**EXERCISE GOAL:** Copy from the first line below down to and including the line with "text Op 10 december". Skip the pictures.

(Stored data entries)
Segment Open

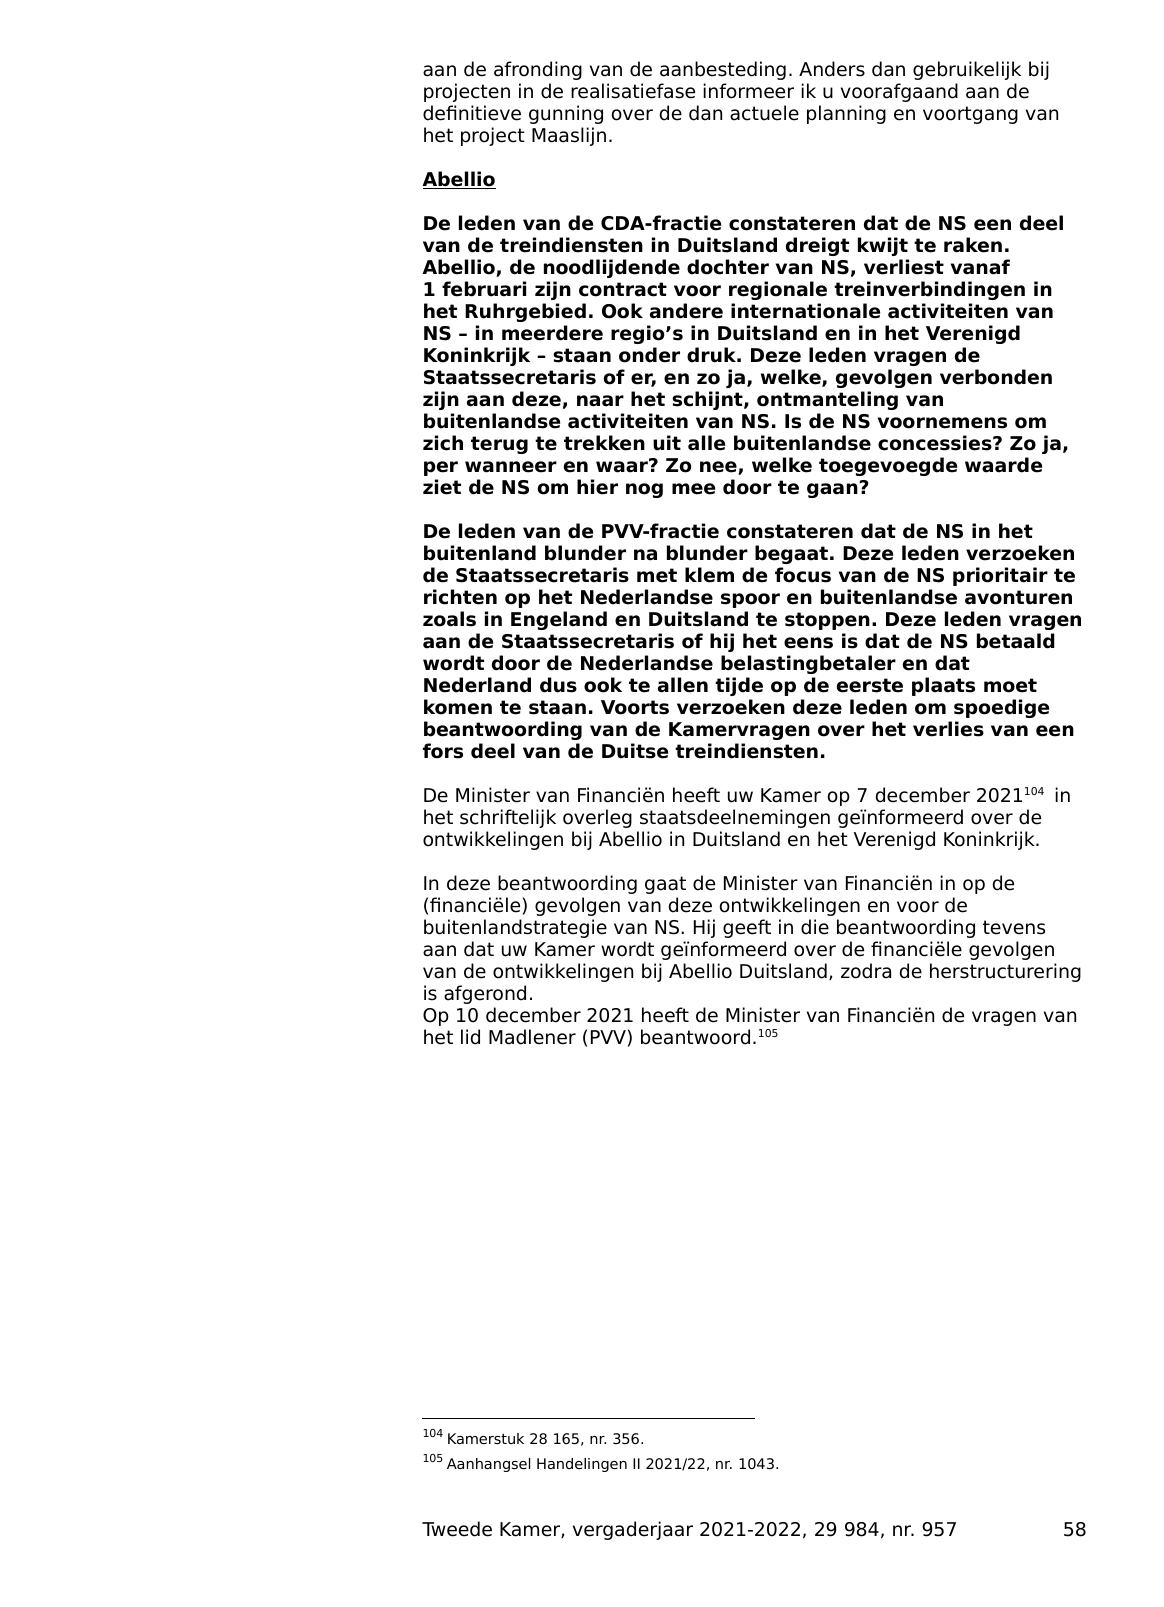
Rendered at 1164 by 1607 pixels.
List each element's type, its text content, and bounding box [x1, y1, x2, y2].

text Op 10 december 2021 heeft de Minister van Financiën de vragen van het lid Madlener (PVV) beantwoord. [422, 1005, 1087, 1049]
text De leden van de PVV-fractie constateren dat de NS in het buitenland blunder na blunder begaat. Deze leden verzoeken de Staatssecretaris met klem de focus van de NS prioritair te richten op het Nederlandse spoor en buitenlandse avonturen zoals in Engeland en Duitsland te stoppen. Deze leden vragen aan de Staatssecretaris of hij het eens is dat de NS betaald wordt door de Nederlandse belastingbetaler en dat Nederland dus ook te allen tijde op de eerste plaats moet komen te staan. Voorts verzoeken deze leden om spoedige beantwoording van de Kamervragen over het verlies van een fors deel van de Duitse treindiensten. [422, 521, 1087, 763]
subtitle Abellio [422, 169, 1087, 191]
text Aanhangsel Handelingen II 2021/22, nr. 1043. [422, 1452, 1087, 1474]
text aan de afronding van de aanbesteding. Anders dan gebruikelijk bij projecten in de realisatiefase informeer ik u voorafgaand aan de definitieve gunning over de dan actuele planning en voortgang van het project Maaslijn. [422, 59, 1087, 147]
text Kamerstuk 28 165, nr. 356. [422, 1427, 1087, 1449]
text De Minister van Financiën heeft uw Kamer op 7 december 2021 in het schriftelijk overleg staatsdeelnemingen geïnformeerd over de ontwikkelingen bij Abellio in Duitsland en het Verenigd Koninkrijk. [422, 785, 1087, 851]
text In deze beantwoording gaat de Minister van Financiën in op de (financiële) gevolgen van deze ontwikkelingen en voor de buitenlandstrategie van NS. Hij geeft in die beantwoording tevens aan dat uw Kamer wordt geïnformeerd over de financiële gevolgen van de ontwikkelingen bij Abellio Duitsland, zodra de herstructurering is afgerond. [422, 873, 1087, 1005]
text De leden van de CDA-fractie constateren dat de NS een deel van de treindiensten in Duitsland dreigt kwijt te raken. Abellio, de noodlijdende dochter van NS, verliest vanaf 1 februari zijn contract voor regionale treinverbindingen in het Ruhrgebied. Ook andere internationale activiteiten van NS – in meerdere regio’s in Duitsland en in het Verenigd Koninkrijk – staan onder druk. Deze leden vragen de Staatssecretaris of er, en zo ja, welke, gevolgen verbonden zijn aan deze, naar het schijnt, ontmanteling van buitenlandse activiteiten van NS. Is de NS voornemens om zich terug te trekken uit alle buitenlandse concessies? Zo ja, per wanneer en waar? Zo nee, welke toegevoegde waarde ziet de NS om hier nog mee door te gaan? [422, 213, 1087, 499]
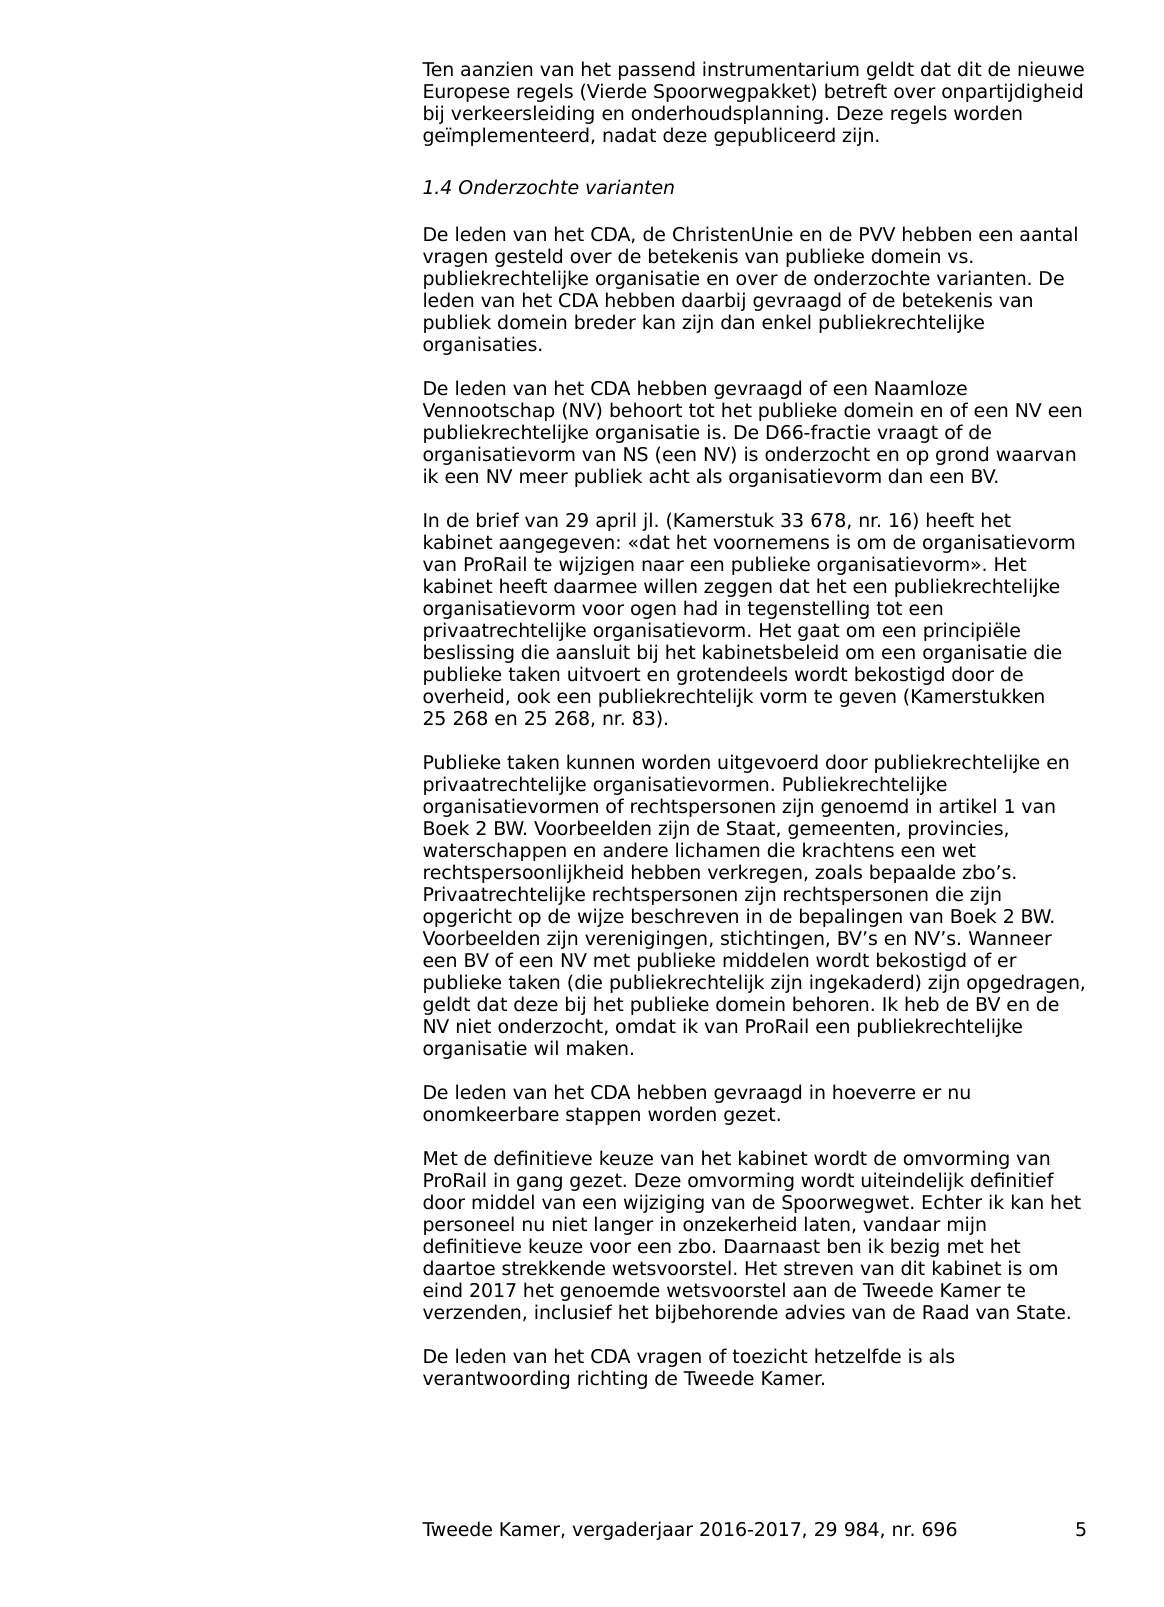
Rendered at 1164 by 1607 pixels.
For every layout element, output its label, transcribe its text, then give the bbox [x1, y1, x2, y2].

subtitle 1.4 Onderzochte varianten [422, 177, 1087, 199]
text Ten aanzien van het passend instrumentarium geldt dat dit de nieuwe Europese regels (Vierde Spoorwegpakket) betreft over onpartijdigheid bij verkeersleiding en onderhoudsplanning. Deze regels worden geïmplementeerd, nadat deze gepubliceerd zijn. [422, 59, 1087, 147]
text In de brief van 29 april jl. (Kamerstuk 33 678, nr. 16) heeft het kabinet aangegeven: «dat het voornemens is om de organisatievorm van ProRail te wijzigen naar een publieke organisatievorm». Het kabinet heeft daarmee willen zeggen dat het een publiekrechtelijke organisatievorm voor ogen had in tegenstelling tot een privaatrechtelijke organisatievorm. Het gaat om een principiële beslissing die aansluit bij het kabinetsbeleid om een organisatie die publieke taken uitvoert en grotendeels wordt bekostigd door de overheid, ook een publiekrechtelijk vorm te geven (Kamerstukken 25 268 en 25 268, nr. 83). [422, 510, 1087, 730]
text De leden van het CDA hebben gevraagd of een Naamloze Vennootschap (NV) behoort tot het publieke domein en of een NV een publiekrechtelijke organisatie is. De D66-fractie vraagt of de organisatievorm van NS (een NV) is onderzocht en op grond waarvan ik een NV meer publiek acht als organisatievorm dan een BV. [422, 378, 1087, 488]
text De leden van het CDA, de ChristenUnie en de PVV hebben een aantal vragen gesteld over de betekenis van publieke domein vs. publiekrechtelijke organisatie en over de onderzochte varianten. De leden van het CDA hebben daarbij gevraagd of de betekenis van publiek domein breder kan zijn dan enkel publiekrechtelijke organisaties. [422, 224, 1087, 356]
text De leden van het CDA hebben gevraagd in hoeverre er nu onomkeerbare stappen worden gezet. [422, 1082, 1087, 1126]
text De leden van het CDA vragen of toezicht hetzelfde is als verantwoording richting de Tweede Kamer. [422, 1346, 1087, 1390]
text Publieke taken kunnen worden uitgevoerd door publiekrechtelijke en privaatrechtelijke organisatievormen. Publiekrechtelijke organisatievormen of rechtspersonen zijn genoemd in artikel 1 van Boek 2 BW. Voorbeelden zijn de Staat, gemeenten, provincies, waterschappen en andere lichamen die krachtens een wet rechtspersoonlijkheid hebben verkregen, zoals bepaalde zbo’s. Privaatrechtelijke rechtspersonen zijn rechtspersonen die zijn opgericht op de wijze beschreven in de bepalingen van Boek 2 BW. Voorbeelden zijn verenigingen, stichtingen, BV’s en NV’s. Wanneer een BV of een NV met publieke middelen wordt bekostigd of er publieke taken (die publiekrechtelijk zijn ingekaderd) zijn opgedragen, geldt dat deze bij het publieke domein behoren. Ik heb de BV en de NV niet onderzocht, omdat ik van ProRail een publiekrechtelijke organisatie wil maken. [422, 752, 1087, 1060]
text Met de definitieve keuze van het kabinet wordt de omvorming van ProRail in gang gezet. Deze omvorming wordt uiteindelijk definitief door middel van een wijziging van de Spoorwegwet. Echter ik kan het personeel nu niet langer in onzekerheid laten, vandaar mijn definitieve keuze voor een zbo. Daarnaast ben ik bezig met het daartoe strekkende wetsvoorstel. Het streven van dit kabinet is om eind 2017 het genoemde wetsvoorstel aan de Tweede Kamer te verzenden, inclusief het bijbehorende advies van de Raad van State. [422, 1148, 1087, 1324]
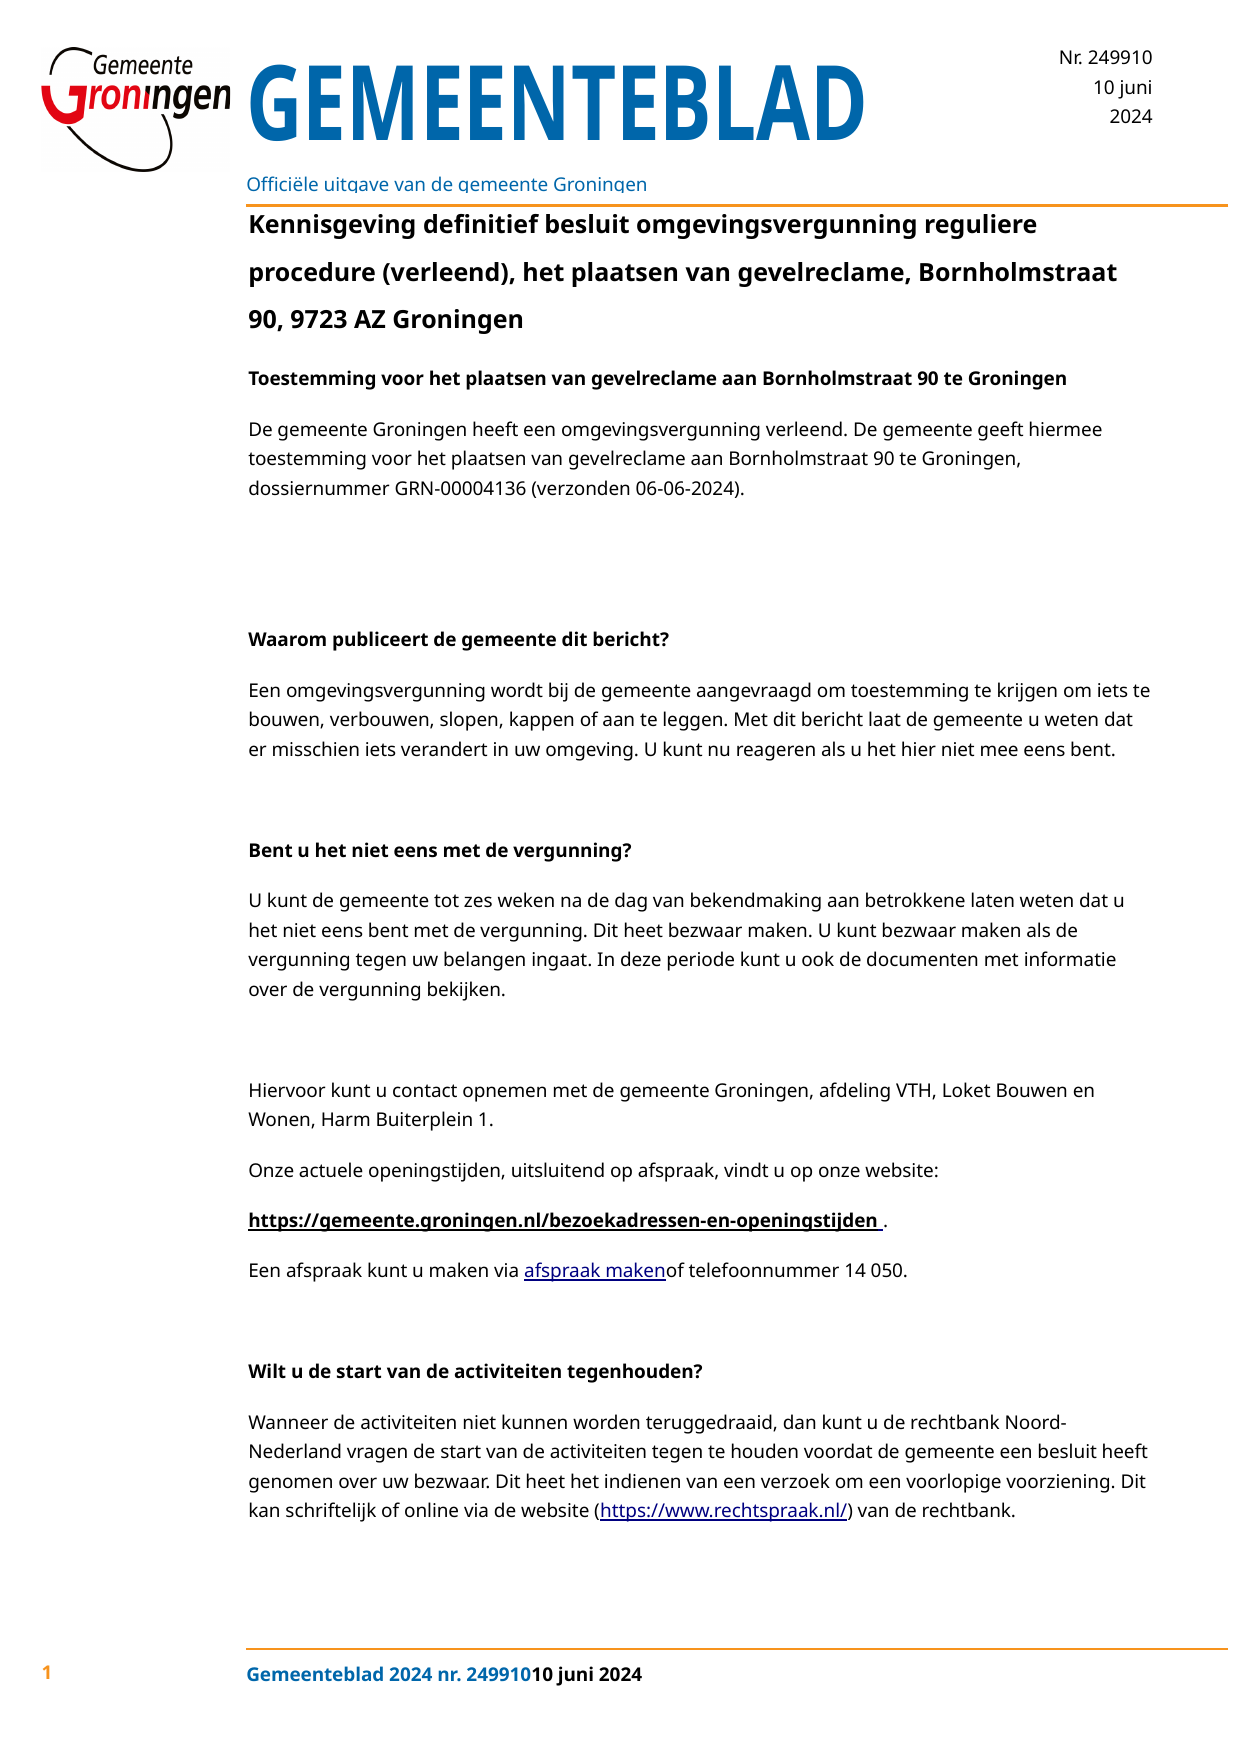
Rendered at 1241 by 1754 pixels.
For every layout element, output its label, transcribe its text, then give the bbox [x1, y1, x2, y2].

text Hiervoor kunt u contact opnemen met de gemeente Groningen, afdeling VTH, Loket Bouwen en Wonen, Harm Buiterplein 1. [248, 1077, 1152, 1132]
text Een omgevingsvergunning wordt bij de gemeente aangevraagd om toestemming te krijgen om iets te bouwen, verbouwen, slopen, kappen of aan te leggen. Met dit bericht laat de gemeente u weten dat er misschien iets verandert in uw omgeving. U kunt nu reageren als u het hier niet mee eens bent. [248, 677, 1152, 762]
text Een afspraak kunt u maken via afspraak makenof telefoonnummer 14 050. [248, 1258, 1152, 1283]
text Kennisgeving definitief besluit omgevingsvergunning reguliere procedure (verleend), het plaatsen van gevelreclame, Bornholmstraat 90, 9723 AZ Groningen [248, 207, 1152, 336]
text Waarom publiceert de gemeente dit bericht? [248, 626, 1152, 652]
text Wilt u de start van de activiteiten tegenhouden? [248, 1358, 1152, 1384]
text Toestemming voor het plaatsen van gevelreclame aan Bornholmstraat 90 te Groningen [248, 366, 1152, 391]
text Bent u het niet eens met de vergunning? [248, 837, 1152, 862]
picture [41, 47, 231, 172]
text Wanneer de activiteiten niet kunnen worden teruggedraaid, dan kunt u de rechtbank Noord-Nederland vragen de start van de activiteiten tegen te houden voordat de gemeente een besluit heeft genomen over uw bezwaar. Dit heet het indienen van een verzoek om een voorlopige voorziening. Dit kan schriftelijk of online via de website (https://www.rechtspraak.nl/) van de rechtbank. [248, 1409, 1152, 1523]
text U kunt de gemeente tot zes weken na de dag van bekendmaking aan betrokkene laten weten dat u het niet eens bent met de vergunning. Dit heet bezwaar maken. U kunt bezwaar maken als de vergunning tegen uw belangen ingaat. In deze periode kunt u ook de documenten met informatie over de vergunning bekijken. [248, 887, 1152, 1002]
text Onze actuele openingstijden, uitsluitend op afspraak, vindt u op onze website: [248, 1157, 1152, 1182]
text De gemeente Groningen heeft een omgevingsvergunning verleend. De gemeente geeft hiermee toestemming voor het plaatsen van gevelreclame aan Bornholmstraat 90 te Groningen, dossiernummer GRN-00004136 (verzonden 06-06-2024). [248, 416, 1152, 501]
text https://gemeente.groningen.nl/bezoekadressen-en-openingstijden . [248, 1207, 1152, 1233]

Segment Closed

**ANSWER FOR THE TASK:**
Rendered at 1164 by 1607 pixels.
List each element's type, its text content, and bounding box [x1, y1, x2, y2].

text Op 10 december 2021 heeft de Minister van Financiën de vragen van het lid Madlener (PVV) beantwoord. [422, 1005, 1087, 1049]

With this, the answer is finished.